Nesse sentido,-- ainda segundo avaliação de Kanaane --, surge nova variante com poderoso potencial de configurar o sucesso ou o fracasso, o emprego ou o desemprego: a família. Como se sabe em psicologia, o ser humano constrói a maior parte da auto-estima e da personalidade até os sete anos de idade, período no qual o cérebro é similar a uma fita virgem que registra impressões externas, principalmente dos pais, e balizam modelo de atitudes futuras. É lógico, então, que uma criança que tenha crescido em ambiente hostil de brigas familiares não tem a base emocional de outra desenvolvida em clima ameno e de confiança. Isso se reflete não só no trabalho como nos estudos e nos relacionamentos interpessoais -- explica.

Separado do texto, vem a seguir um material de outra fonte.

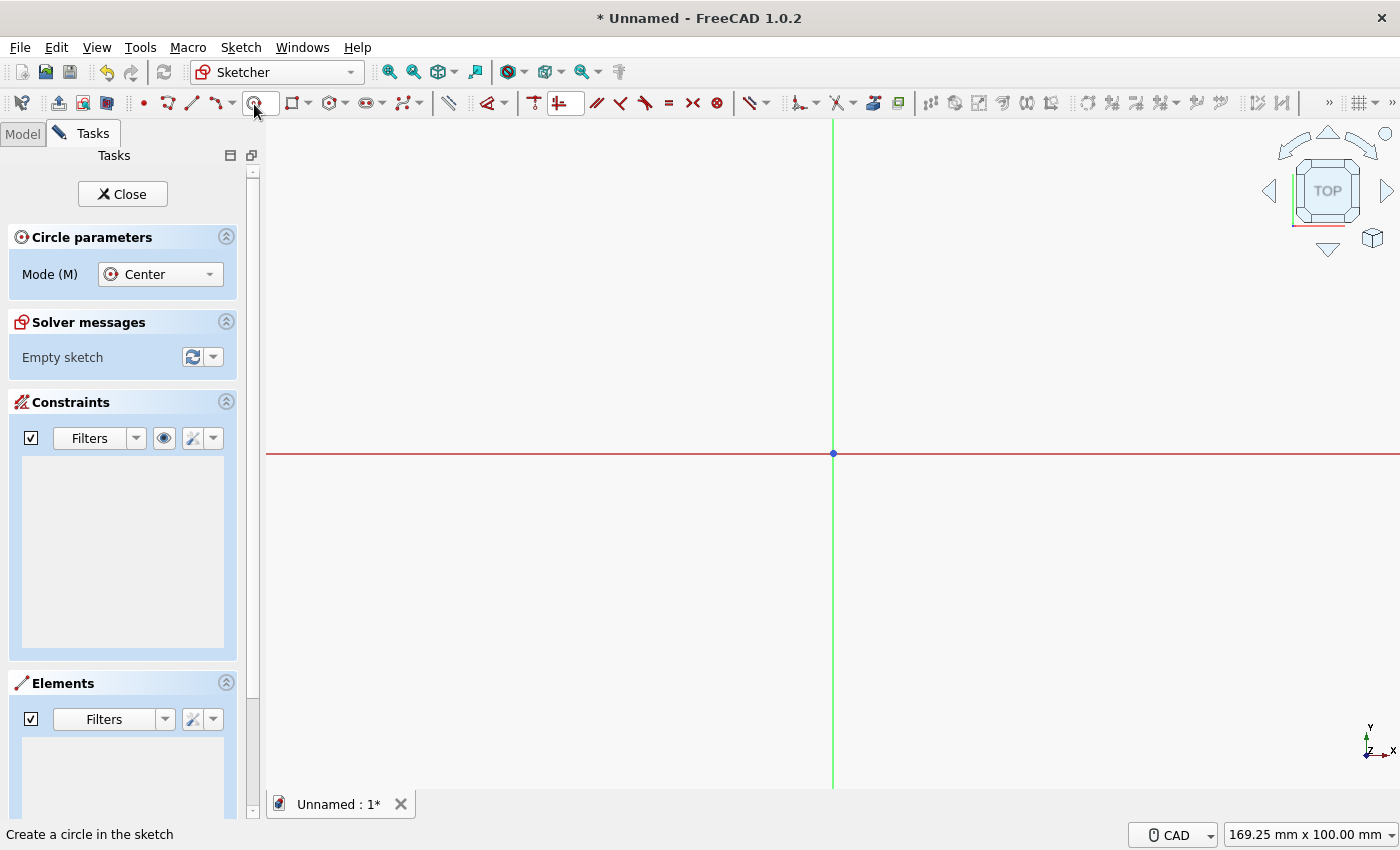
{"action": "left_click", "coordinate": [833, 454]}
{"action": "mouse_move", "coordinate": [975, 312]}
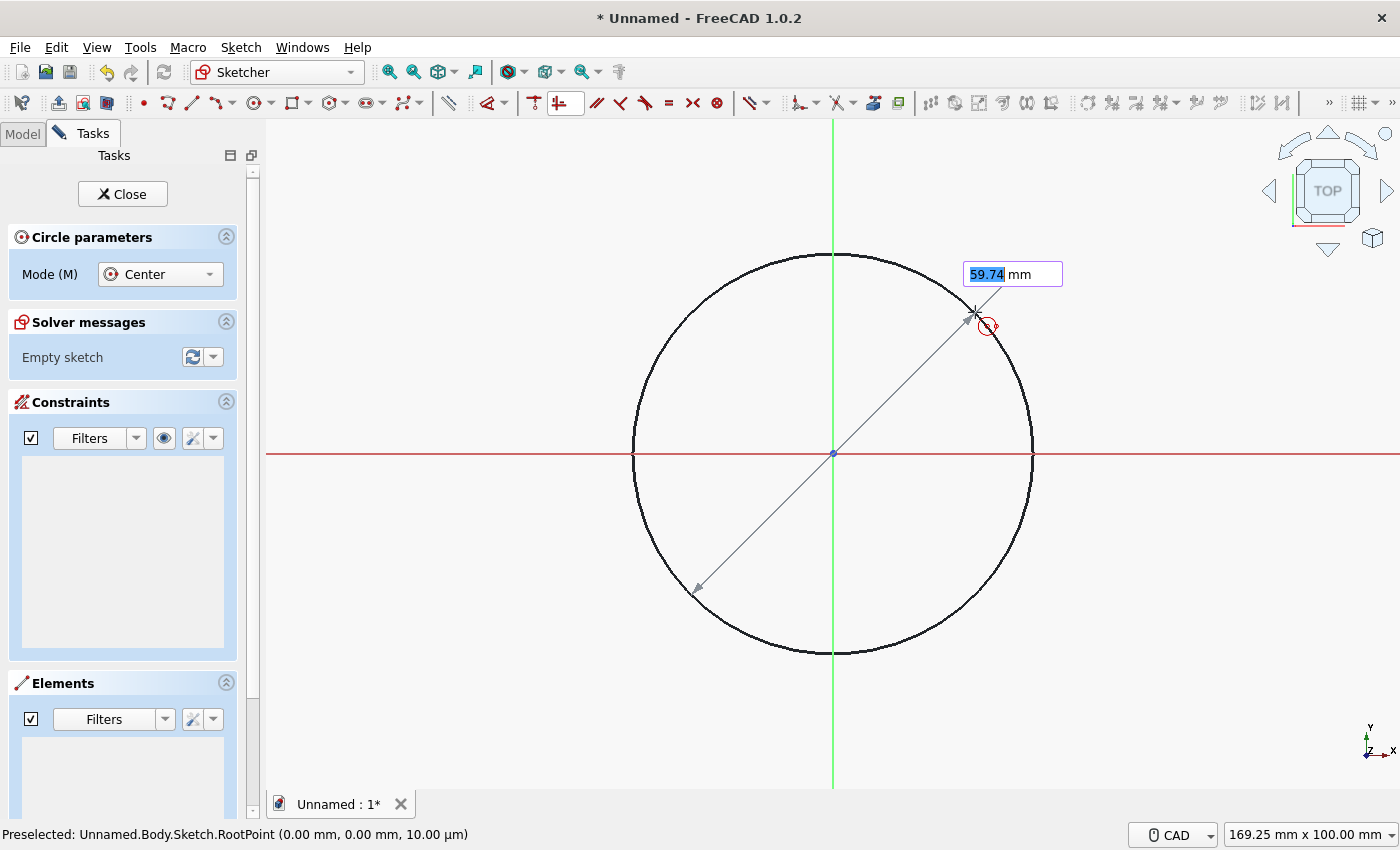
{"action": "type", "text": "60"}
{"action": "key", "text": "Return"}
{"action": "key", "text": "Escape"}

A boa notícia é que uma infância atribulada não é sinônimo de determinismo. Ou como disse Sartre, somos aquilo que fazemos com o que fazem de nós. Kanaane observa que falar em desenvolvimento de competência de profissionais num mundo em  mudanças radicais implica necessariamente o resgate da auto-estima. "A auto-estima é a porta de entrada e a porta de saída de qualquer processo de desenvolvimento de competências. Antes da competência profissional, é necessário que o indivíduo atinja competência consigo mesmo. E da mesma forma que as empresas atestam planejamento estratégico de vendas e produção, que haja também política que contemple o planejamento estratégico pessoal a partir do resgate da auto-estima e da auto-motivação através de ênfase em aspectos pessoais" -- completou.